3. Listening to employers
A company can also improve the sense of humanity in the workplace when managers regularly listen to their employees’ voices. This can be done through census, pulse surveys, and social listening to understand the nature of their experiences at work.
Employers should also make their employees understand the deeper meaning of their work and how it contributes to the broader organizational purpose and goals, making sure performance is often discussed. This ultimately reinforces the idea that employees are members of a much larger collective with a core set of values, working together to achieve a common goal.
I’ve learned that people will forget what you said, people will forget what you did, but people will never forget how you made them feel. ―
4. Educating Business and Human Resource leaders
Organizations should educate, energize, and engage business and HR leaders to build more human-focused work culture. This can either be done annually or biannually to catalyze creating a more inclusive and human workplace. An organization needs to value individuals as key components to its growth and success.

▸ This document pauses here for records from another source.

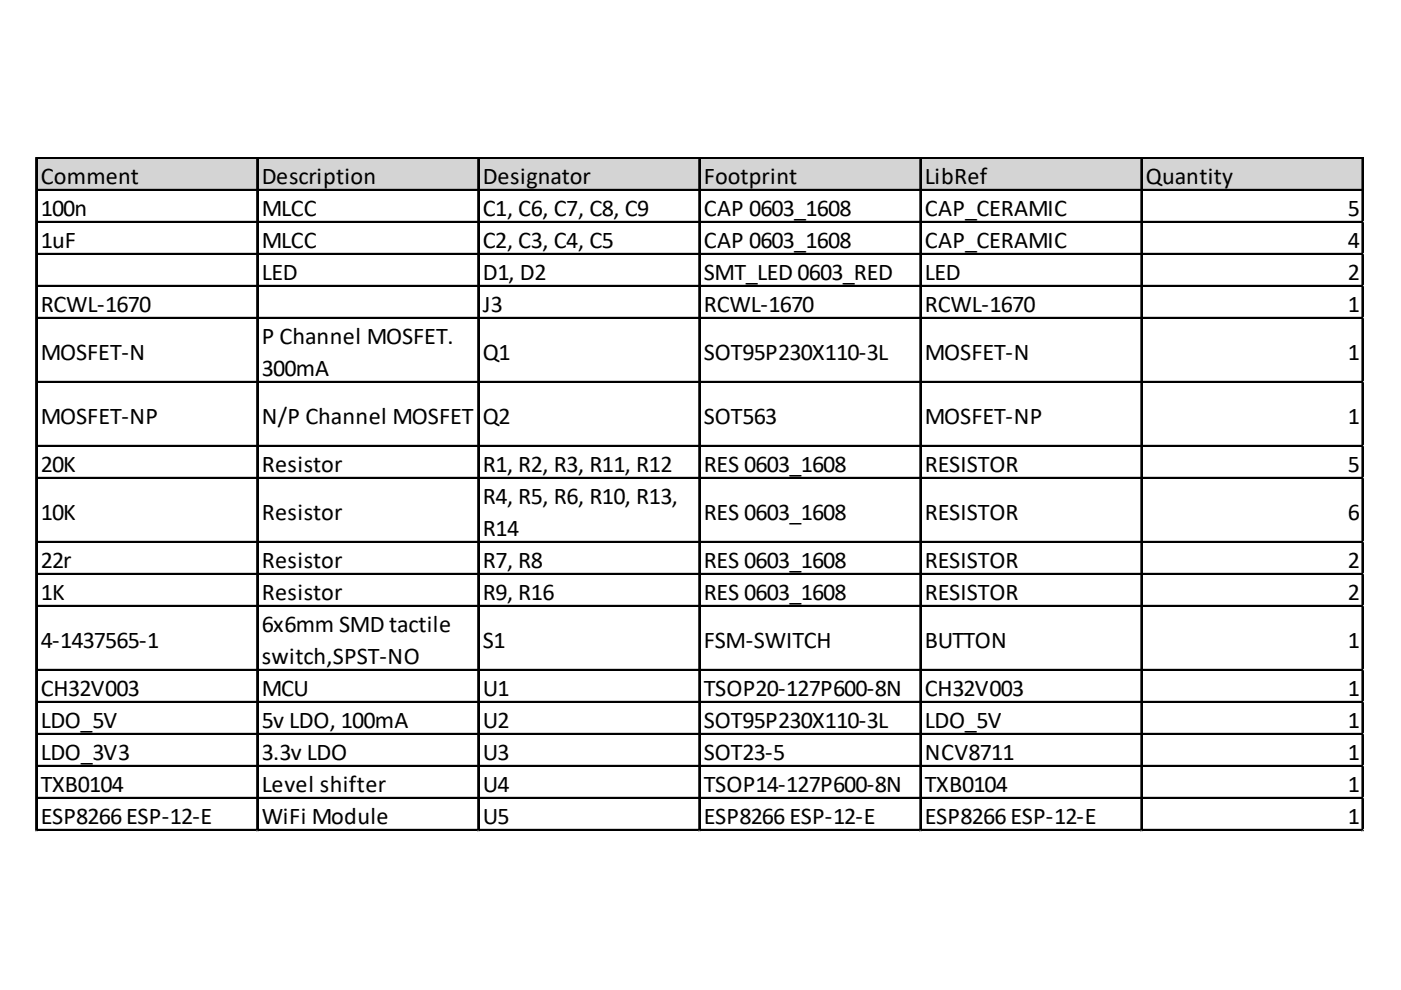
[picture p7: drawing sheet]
<svg xmlns="http://www.w3.org/2000/svg" width="297mm" height="210mm" viewBox="0 0 297 210" stroke-linecap="round" stroke-linejoin="round" font-family="sans-serif">
<defs><g id="words">
<g font-size="5.1">
<text x="8.6" y="38.9">Comment</text>
<text x="55.5" y="38.9">Description</text>
<text x="102.4" y="38.9">Designator</text>
<text x="149.2" y="38.9">Footprint</text>
<text x="196.1" y="38.9">LibRef</text>
<text x="243" y="38.9">Quantity</text>
<text x="8.6" y="45.7">100n</text>
<text x="55.5" y="45.7">MLCC</text>
<text x="102.4" y="45.7">C1, C6, C7, C8, C9</text>
<text x="149.2" y="45.7">CAP 0603_1608</text>
<text x="196.1" y="45.7">CAP_CERAMIC</text>
<text x="285.8" y="45.7">5</text>
<text x="8.6" y="52.5">1uF</text>
<text x="55.5" y="52.5">MLCC</text>
<text x="102.4" y="52.5">C2, C3, C4, C5</text>
<text x="149.2" y="52.5">CAP 0603_1608</text>
<text x="196.1" y="52.5">CAP_CERAMIC</text>
<text x="285.8" y="52.5">4</text>
<text x="55.5" y="59.3">LED</text>
<text x="102.4" y="59.3">D1, D2</text>
<text x="149.2" y="59.3">SMT_LED 0603_RED</text>
<text x="196.1" y="59.3">LED</text>
<text x="285.8" y="59.3">2</text>
<text x="8.6" y="66.1">RCWL-1670</text>
<text x="102.4" y="66.1">J3</text>
<text x="149.2" y="66.1">RCWL-1670</text>
<text x="196.1" y="66.1">RCWL-1670</text>
<text x="285.8" y="66.1">1</text>
<text x="8.6" y="76.3">MOSFET-N</text>
<text x="55.5" y="72.9">P Channel MOSFET.</text>
<text x="102.4" y="76.3">Q1</text>
<text x="149.2" y="76.3">SOT95P230X110-3L</text>
<text x="196.1" y="76.3">MOSFET-N</text>
<text x="285.8" y="76.3">1</text>
<text x="55.5" y="79.6">300mA</text>
<text x="8.6" y="89.8">MOSFET-NP</text>
<text x="55.5" y="89.8">N/P Channel MOSFET</text>
<text x="102.4" y="89.8">Q2</text>
<text x="149.2" y="89.8">SOT563</text>
<text x="196.1" y="89.8">MOSFET-NP</text>
<text x="285.8" y="89.8">1</text>
<text x="8.6" y="100">20K</text>
<text x="55.5" y="100">Resistor</text>
<text x="102.4" y="100">R1, R2, R3, R11, R12</text>
<text x="149.2" y="100">RES 0603_1608</text>
<text x="196.1" y="100">RESISTOR</text>
<text x="285.8" y="100">5</text>
<text x="102.4" y="106.8">R4, R5, R6, R10, R13,</text>
<text x="8.6" y="110.2">10K</text>
<text x="55.5" y="110.2">Resistor</text>
<text x="102.4" y="113.6">R14</text>
<text x="149.2" y="110.2">RES 0603_1608</text>
<text x="196.1" y="110.2">RESISTOR</text>
<text x="285.8" y="110.2">6</text>
<text x="8.6" y="120.4">22r</text>
<text x="55.5" y="120.4">Resistor</text>
<text x="102.4" y="120.4">R7, R8</text>
<text x="149.2" y="120.4">RES 0603_1608</text>
<text x="196.1" y="120.4">RESISTOR</text>
<text x="285.8" y="120.4">2</text>
<text x="8.6" y="127.1">1K</text>
<text x="55.5" y="127.1">Resistor</text>
<text x="102.4" y="127.1">R9, R16</text>
<text x="149.2" y="127.1">RES 0603_1608</text>
<text x="196.1" y="127.1">RESISTOR</text>
<text x="285.8" y="127.1">2</text>
<text x="8.6" y="137.3">4-1437565-1</text>
<text x="55.5" y="133.9">6x6mm SMD tactile</text>
<text x="102.4" y="137.3">S1</text>
<text x="149.2" y="137.3">FSM-SWITCH</text>
<text x="196.1" y="137.3">BUTTON</text>
<text x="285.8" y="137.3">1</text>
<text x="55.5" y="140.7">switch,SPST-NO</text>
<text x="8.6" y="147.5">CH32V003</text>
<text x="55.5" y="147.5">MCU</text>
<text x="102.4" y="147.5">U1</text>
<text x="149.2" y="147.5">TSOP20-127P600-8N</text>
<text x="196.1" y="147.5">CH32V003</text>
<text x="285.8" y="147.5">1</text>
<text x="8.6" y="154.3">LDO_5V</text>
<text x="55.5" y="154.3">5v LDO, 100mA</text>
<text x="102.4" y="154.3">U2</text>
<text x="149.2" y="154.3">SOT95P230X110-3L</text>
<text x="196.1" y="154.3">LDO_5V</text>
<text x="285.8" y="154.3">1</text>
<text x="8.6" y="161.1">LDO_3V3</text>
<text x="55.5" y="161.1">3.3v LDO</text>
<text x="102.4" y="161.1">U3</text>
<text x="149.2" y="161.1">SOT23-5</text>
<text x="196.1" y="161.1">NCV8711</text>
<text x="285.8" y="161.1">1</text>
<text x="8.6" y="167.9">TXB0104</text>
<text x="55.5" y="167.9">Level shifter</text>
<text x="102.4" y="167.9">U4</text>
<text x="149.2" y="167.9">TSOP14-127P600-8N</text>
<text x="196.1" y="167.9">TXB0104</text>
<text x="285.8" y="167.9">1</text>
<text x="8.6" y="174.6">ESP8266ESP-12-E</text>
<text x="55.5" y="174.6">WiFi Module</text>
<text x="102.4" y="174.6">U5</text>
<text x="149.2" y="174.6">ESP8266ESP-12-E</text>
<text x="196.1" y="174.6">ESP8266ESP-12-E</text>
<text x="285.8" y="174.6">1</text>
</g>
</g></defs>
<path d="M7.9 33.7h281.3v6.8h-281.3z" fill="#d4d4d4"/>
<g fill="none" stroke="#000" stroke-width=".34">
<path d="M7.6 33.4v142.8M7.8 33.4v142.8M8 33.4h281.2M8 33.6h281.2M54.5 33.8v142.4M54.7 33.8v142.4M101.3 33.8v142.4M101.5 33.8v142.4M148.2 33.8v142.4M148.4 33.8v142.4M195.1 33.8v142.4M195.3 33.8v142.4"/>
<path d="M242 33.8v142.4M242.1 33.8v142.4M288.8 33.8v142.4M289 33.8v142.4M8 40.2h281.2M8 40.4h281.2M8 47h281.2M8 47.2h281.2M8 53.8h281.2M8 53.9h281.2M8 60.6h281.2M8 60.7h281.2"/>
<path d="M8 67.3h281.2M8 67.5h281.2M8 80.9h281.2M8 81.1h281.2M8 94.5h281.2M8 94.6h281.2M8 101.3h281.2M8 101.4h281.2M8 114.8h281.2M8 115h281.2M8 121.6h281.2M8 121.8h281.2"/>
<path d="M8 128.4h281.2M8 128.6h281.2M8 142h281.2M8 142.1h281.2M8 148.8h281.2M8 148.9h281.2M8 155.5h281.2M8 155.7h281.2M8 162.3h281.2M8 162.5h281.2M8 169.1h281.2M8 169.3h281.2"/>
<path d="M8 175.9h281.2M8 176.1h281.2"/>
</g>
<path d="M7.6 176.2v.1" fill="none" stroke="#e1e1e1" stroke-width=".34"/>
<path d="M7.6 176.2l.4 .1z" fill="#e1e1e1"/>
<path d="M54.5 176.2v.1" fill="none" stroke="#e1e1e1" stroke-width=".34"/>
<path d="M54.5 176.2l.3 .1z" fill="#e1e1e1"/>
<path d="M101.3 176.2v.1" fill="none" stroke="#e1e1e1" stroke-width=".34"/>
<path d="M101.3 176.2l.4 .1z" fill="#e1e1e1"/>
<path d="M148.2 176.2v.1" fill="none" stroke="#e1e1e1" stroke-width=".34"/>
<path d="M148.2 176.2l.4 .1z" fill="#e1e1e1"/>
<path d="M195.1 176.2v.1" fill="none" stroke="#e1e1e1" stroke-width=".34"/>
<path d="M195.1 176.2l.3 .1z" fill="#e1e1e1"/>
<path d="M242 176.2v.1" fill="none" stroke="#e1e1e1" stroke-width=".34"/>
<path d="M242 176.2l.3 .1z" fill="#e1e1e1"/>
<path d="M288.8 176.2v.1" fill="none" stroke="#e1e1e1" stroke-width=".34"/>
<path d="M288.8 176.2l.4 .1z" fill="#e1e1e1"/>
<path d="M289.2 47h.1" fill="none" stroke="#e1e1e1" stroke-width=".34"/>
<path d="M289.2 47v.3z" fill="#e1e1e1"/>
<path d="M289.2 53.8h.1" fill="none" stroke="#e1e1e1" stroke-width=".34"/>
<path d="M289.2 53.8v.3z" fill="#e1e1e1"/>
<path d="M289.2 60.6h.1" fill="none" stroke="#e1e1e1" stroke-width=".34"/>
<path d="M289.2 60.6v.3z" fill="#e1e1e1"/>
<path d="M289.2 67.3h.1" fill="none" stroke="#e1e1e1" stroke-width=".34"/>
<path d="M289.2 67.3v.4z" fill="#e1e1e1"/>
<path d="M289.2 80.9h.1" fill="none" stroke="#e1e1e1" stroke-width=".34"/>
<path d="M289.2 80.9v.3z" fill="#e1e1e1"/>
<path d="M289.2 94.5h.1" fill="none" stroke="#e1e1e1" stroke-width=".34"/>
<path d="M289.2 94.5v.3z" fill="#e1e1e1"/>
<path d="M289.2 101.3h.1" fill="none" stroke="#e1e1e1" stroke-width=".34"/>
<path d="M289.2 101.3v.3z" fill="#e1e1e1"/>
<path d="M289.2 114.8h.1" fill="none" stroke="#e1e1e1" stroke-width=".34"/>
<path d="M289.2 114.8v.4z" fill="#e1e1e1"/>
<path d="M289.2 121.6h.1" fill="none" stroke="#e1e1e1" stroke-width=".34"/>
<path d="M289.2 121.6v.4z" fill="#e1e1e1"/>
<path d="M289.2 128.4h.1" fill="none" stroke="#e1e1e1" stroke-width=".34"/>
<path d="M289.2 128.4v.3z" fill="#e1e1e1"/>
<path d="M289.2 142h.1" fill="none" stroke="#e1e1e1" stroke-width=".34"/>
<path d="M289.2 142v.3z" fill="#e1e1e1"/>
<path d="M289.2 148.8h.1" fill="none" stroke="#e1e1e1" stroke-width=".34"/>
<path d="M289.2 148.8v.3z" fill="#e1e1e1"/>
<path d="M289.2 155.5h.1" fill="none" stroke="#e1e1e1" stroke-width=".34"/>
<path d="M289.2 155.5v.4z" fill="#e1e1e1"/>
<path d="M289.2 162.3h.1" fill="none" stroke="#e1e1e1" stroke-width=".34"/>
<path d="M289.2 162.3v.4z" fill="#e1e1e1"/>
<path d="M289.2 169.1h.1" fill="none" stroke="#e1e1e1" stroke-width=".34"/>
<path d="M289.2 169.1v.4z" fill="#e1e1e1"/>
<path d="M289.2 175.9h.1" fill="none" stroke="#e1e1e1" stroke-width=".34"/>
<path d="M289.2 175.9v.3z" fill="#e1e1e1"/>
<use href="#words"/>
</svg>

A human-centric workplace is also crucial to attracting and retaining top talent. Companies should focus on infusing humanity at the workplace as a competitive differentiator to stand out. Human-infused workplaces will ultimately attract employees, increase bottom-line business results and propel the future of the human workplace. This is because today’s workforce is comprised of more socially-conscious individuals.
Modern employees care less about rigidly structured, ineffective bonus systems and more about ongoing feedback and the pursuit of fulfilling some greater existential purpose. Professionals today want to be a part of something larger than themselves and contribute positively towards impacting the human experience.